The Name Servers of a domain reveal the DNS servers that are responsible for its DNS records. The IP of the web site (A record), the mail server that handles the emails for a domain name (MX records), any text record in free form (TXT record), pointing (CNAME record) and so forth are taken from the DNS servers of the web hosting provider and for any Internet domain to be using them and to be directed to their hosting platform, it ought to have their name servers, or NS records. If you would like to open a website, for instance, and you enter the URL, the browser connects to a DNS server, which keeps the NS records for the domain name and the request is then redirected to the DNS servers of the webhosting provider where the A record of the website is retrieved, allowing you to look at the content from the right location.

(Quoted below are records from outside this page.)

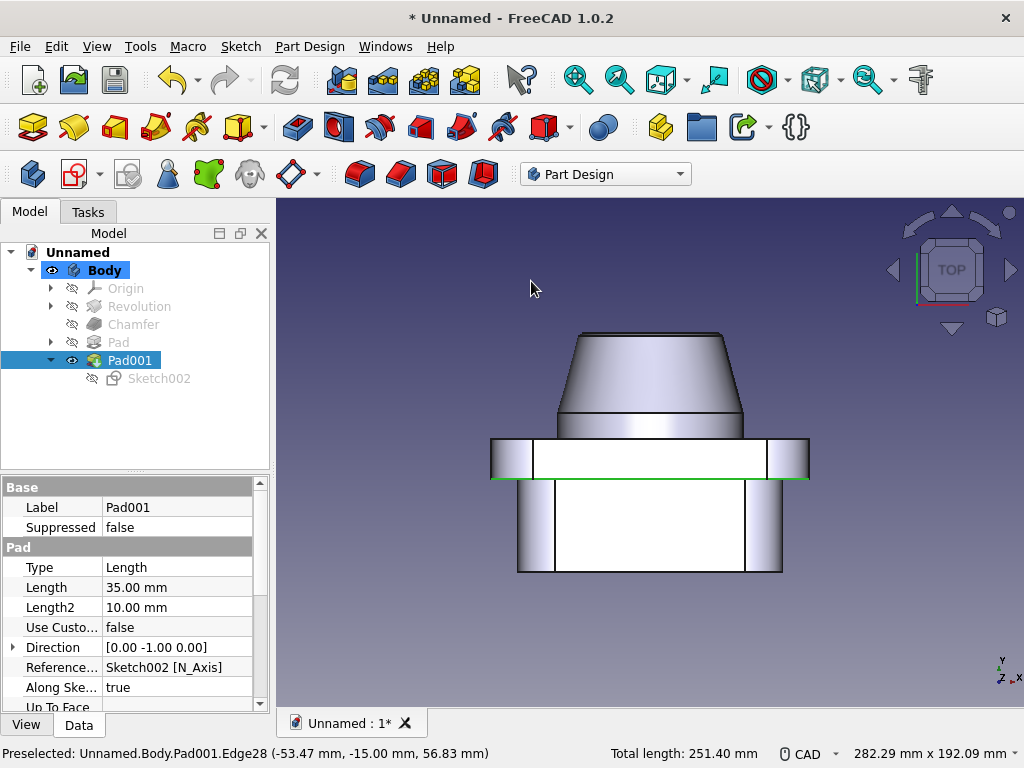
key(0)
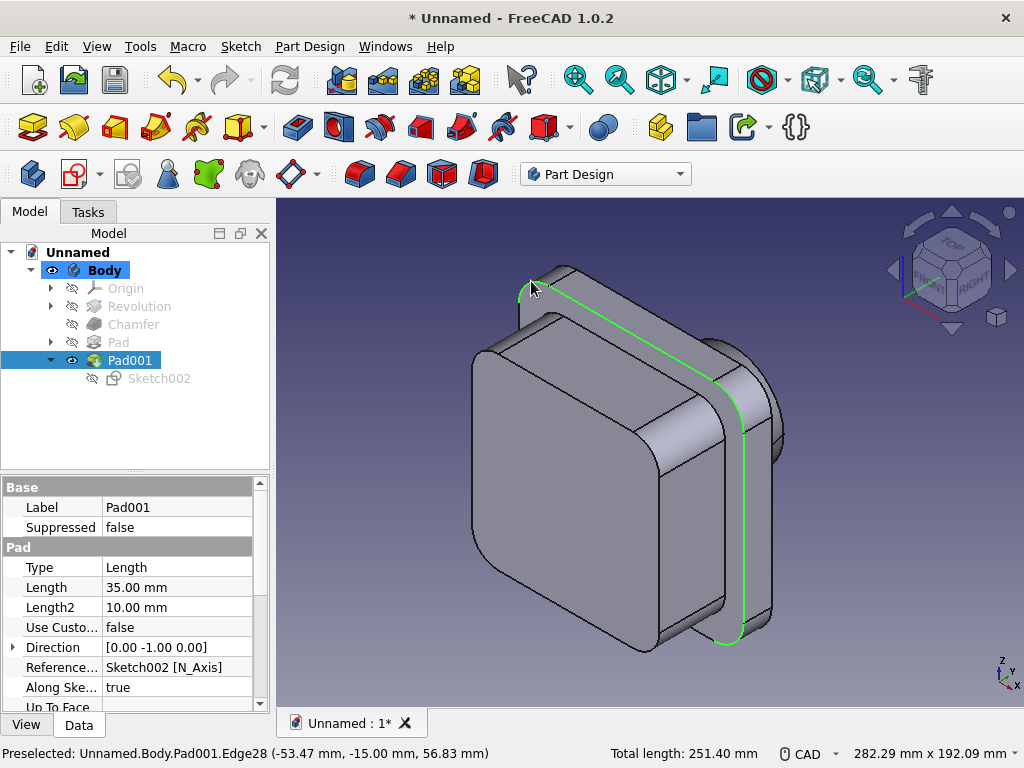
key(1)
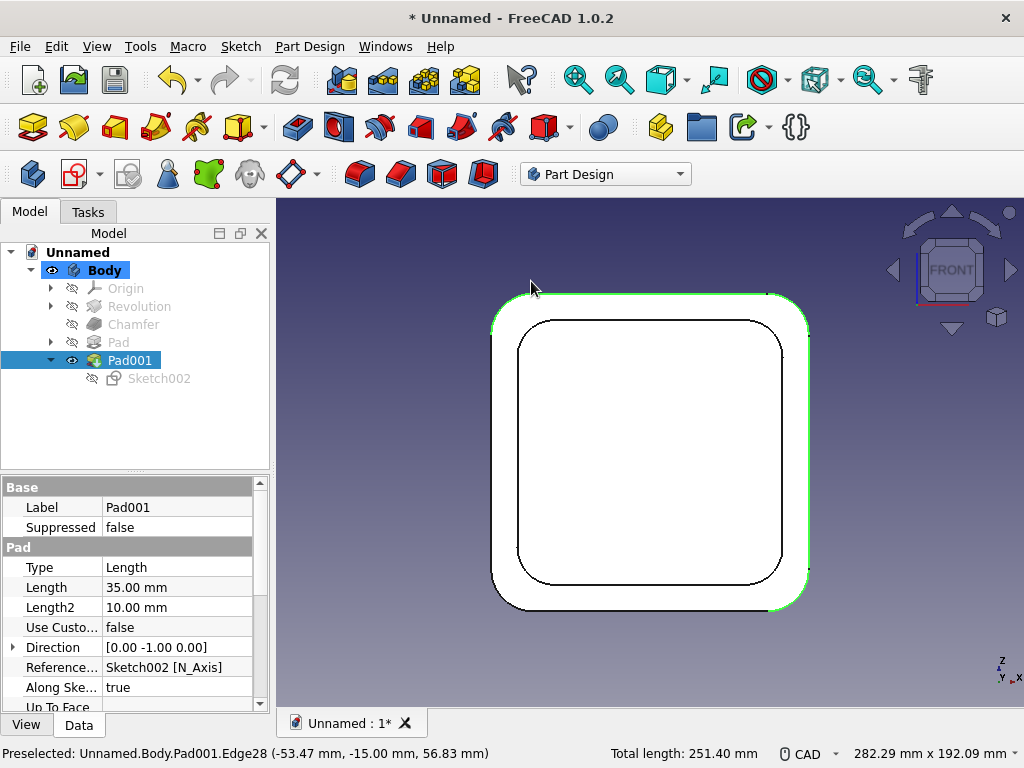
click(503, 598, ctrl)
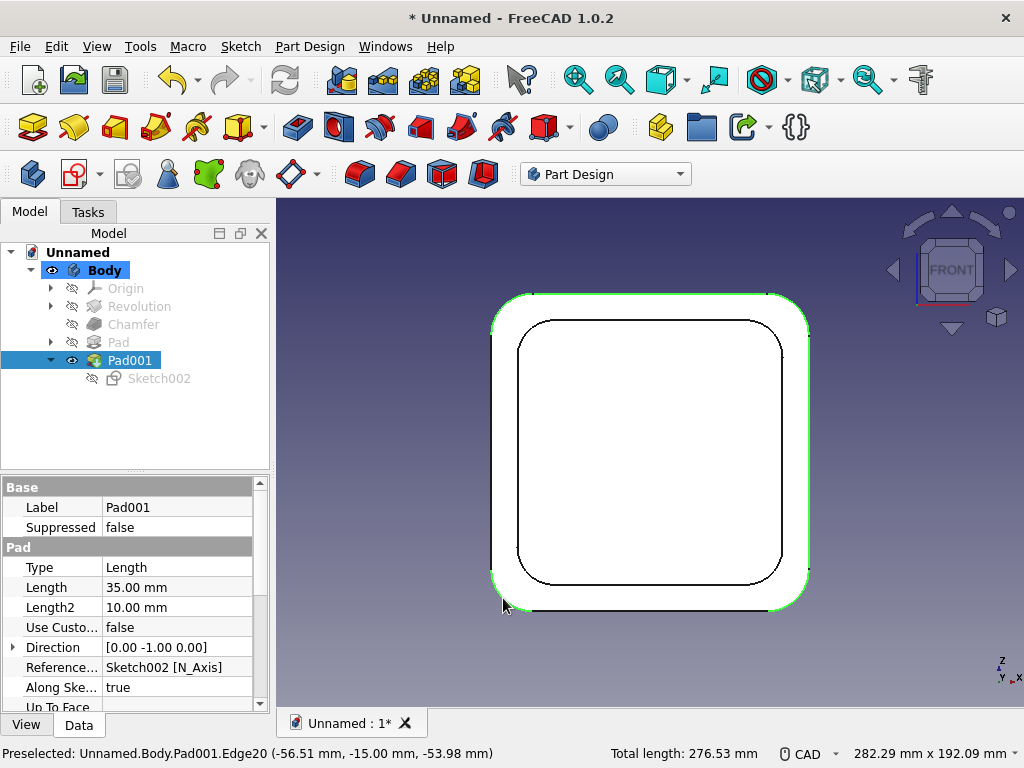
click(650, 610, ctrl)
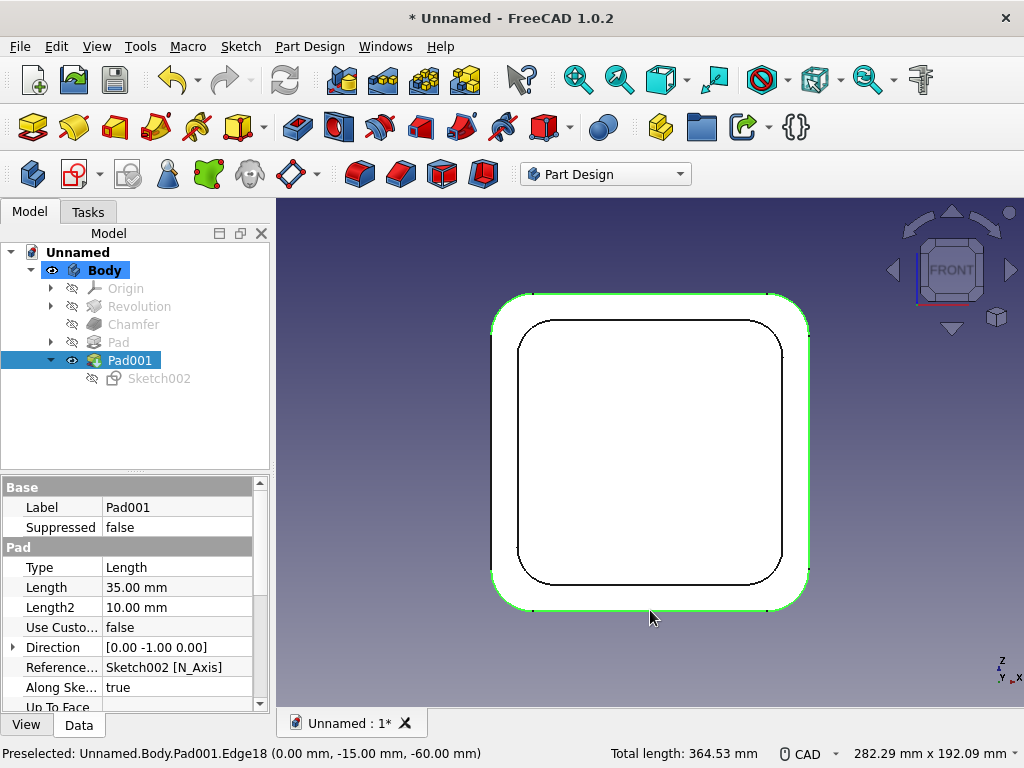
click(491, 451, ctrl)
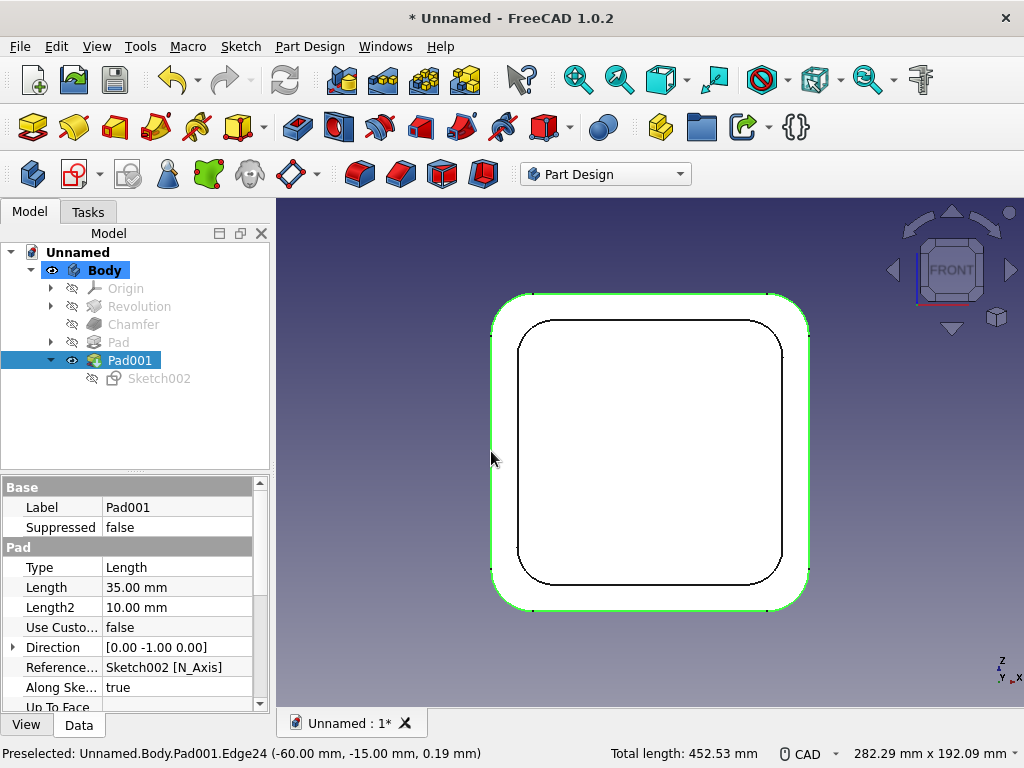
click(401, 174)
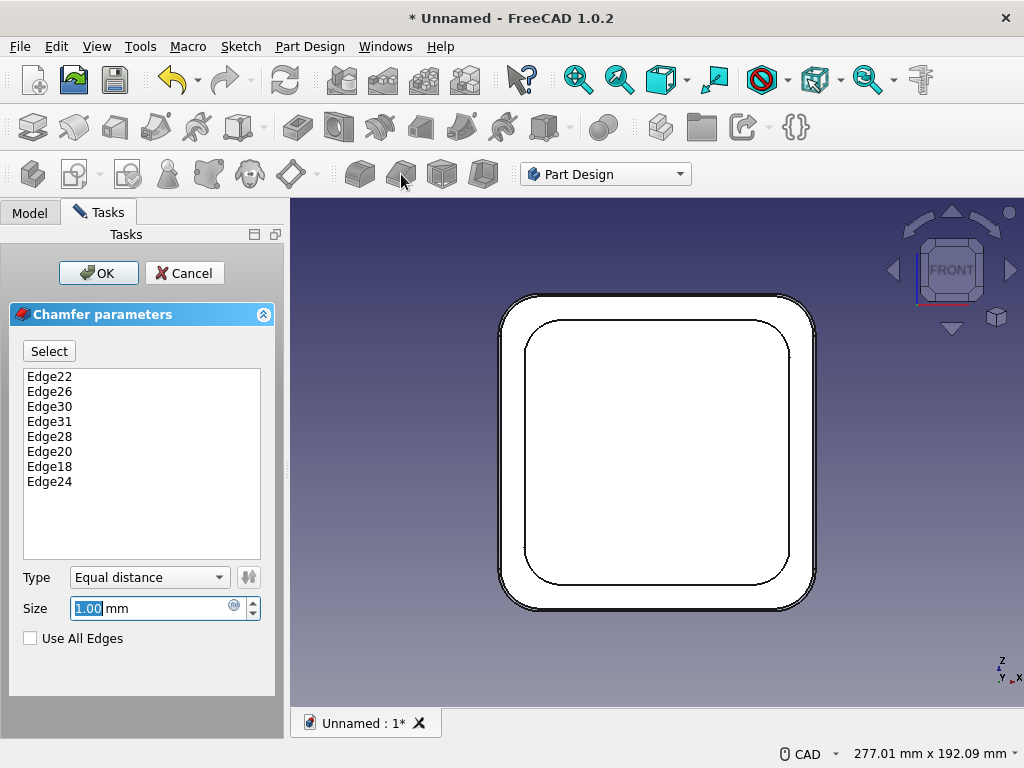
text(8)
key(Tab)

Commonly a domain name has a couple of name servers that start with NS or DNS as a prefix and the distinction between the two is simply visual.

NS Records in Web Hosting

Taking care of the NS records for any domain name registered in a web hosting account on our state of the art cloud platform will take you merely seconds. Via the feature-rich Domain Manager tool within the Hepsia CP, you're going to be able to change the name servers not just of a single domain address, but even of several domains at once whenever you want to point them all to the same webhosting provider. Exactly the same steps will also permit you to direct newly transferred domain names to our platform as the transfer procedure does not change the name servers automatically and the domain addresses will still redirect to the old host. If you'd like to set up private name servers for a domain registered on our end, you're going to be able to do that with a few mouse clicks and with no additional charge, so if you decide to have a company web site, for example, it's going to have more credibility if it uses name servers of its own. The newly created private name servers can be used for redirecting any other domain name to the same account as well, not just the one they're created for.